I have two main headings. First: To sin is to revolt against the Lord God. Then secondly: How to escape the trap of temptation. So:


First, TO SIN IS TO REVOLT AGAINST THE LORD GOD

To get a grip on the events of chapter 3 we have to back up for a minute and remind ourselves of what's happened to the first man and the first woman - Adam and Eve - in chapters 1 and 2. And you can sum that up by saying:

1. God had blessed Adam and Eve

How had he done that? He'd given them a place to live. A good place. He'd set them in a delightful garden. And he'd made sure there was provision. 2.9:

And the Lord God made all kinds of trees grow out of the ground - trees that were pleasing to the eye and good for food.

They had everything they needed - but more than that, this garden and this life gave them pleasure too. And it was a life full of productivity and purpose. In 1.28 God commands them:

Be fruitful and increase in number; fill the earth and subdue it.

And 2.15 says God…

… took the man and put him in the Garden of Eden to work it and take care of it.

And God blessed them by giving them commands to obey. Eat anything in the garden. But with one exception. Don't eat the fruit of the tree of the knowledge of good and evil. If you do, you'll die. So those commands give both protection and freedom.

And then God gives them each other. So they don't only have a place to enjoy, but a person to love.

They have no cause for complaint against the God who made them. God is a good, gracious, generous, loving God towards them. And he hasn't changed. We cannot bring any reproach against God.

Vivienne and I bought a table tennis table a while ago as a present - and it's been a disaster. The supplier has treated us abysmally. We have loads of just cause for complaint and redress against them. I won't tell you the details because it would give me too much pain.

No doubt there are people in your life with whom you have a just grievance. But God isn't one of them. God's plan for us is unadulterated blessing.

What's gone wrong? We have, that's what. And it began with Adam and Eve.

2. The disobedience of Adam and Eve is an act of revolution.

What's a piece of fruit? When they eat a piece of fruit that their Creator and Lord has told them not to eat on pain of death, then it's a wholesale act of defiance and rejection of his rule.

It's an attempt to dethrone God. In fact even more than that, in the final analysis it's an attempt to destroy God and at the same time it's an attempt to put themselves in the place of God.

God's rule is that God rules. That's the significance of God's command to the man not to eat from the tree of the knowledge of good and evil. He's not just saying it to throw his weight around. He's saying it for their good. Like a father who tells his child: Don't step out in front of an oncoming car.

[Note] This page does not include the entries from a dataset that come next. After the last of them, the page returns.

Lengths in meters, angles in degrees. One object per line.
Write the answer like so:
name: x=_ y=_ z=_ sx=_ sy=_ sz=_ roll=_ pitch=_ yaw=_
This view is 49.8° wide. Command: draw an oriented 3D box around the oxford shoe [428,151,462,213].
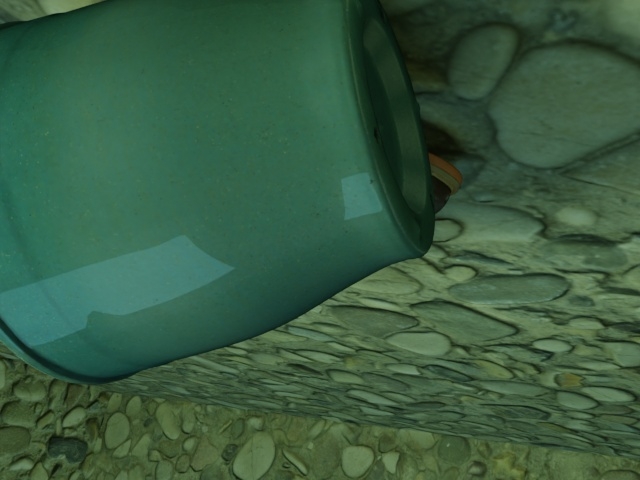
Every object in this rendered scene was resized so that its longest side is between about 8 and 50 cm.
oxford shoe: x=0.000 y=0.000 z=0.717 sx=0.130 sy=0.133 sz=0.363 roll=25 pitch=155 yaw=-28

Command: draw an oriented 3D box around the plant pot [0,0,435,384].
plant pot: x=-0.065 y=-0.055 z=0.479 sx=0.255 sy=0.272 sz=0.271 roll=-13 pitch=150 yaw=20

And when God's command is refused, that is a claim to autonomy. It's saying to our creator: 'I'll decide the law round here. If I say something's OK, then it's OK. If I say it's not OK, then it's not. What you say doesn't count round here any more. If I do what you say, it's just because it suits me to do it. You're not my Lord any more. I'll run my own life without you, thank you very much.' It's a silent statement that we wish God was out of the way, not interfering in our lives. We wish he was dead.

Such arrogance and hatred in response to such grace and blessing would be unbelievable if we weren't so familiar with it from our own hearts.

To sin is to revolt against the Lord God. And there are two other things to see about that. One is that…

3. …the result of their disobedience is devastation and death.

That distraught women viciously cuts up photographs that remind her of a relationship that was once everything to her. Her plight is one drop in the torrent of destruction that was unleashed by the sin of Adam and Eve. When God says death will follow in the wake of rejection of his rule, he means what he says. Death in our relationships with one another. Death in our relationship with God. Death in our bodies. Death for all eternity.

We all live under this great black blanket of death. Everything we do, everything we have, all our relationships end in death. But it did not have to be so. Our ancestors Adam and Eve chose that fate.

And we're like them. So the other thing to understand is that…

4. …their temptation and fall is the prototype of all sin.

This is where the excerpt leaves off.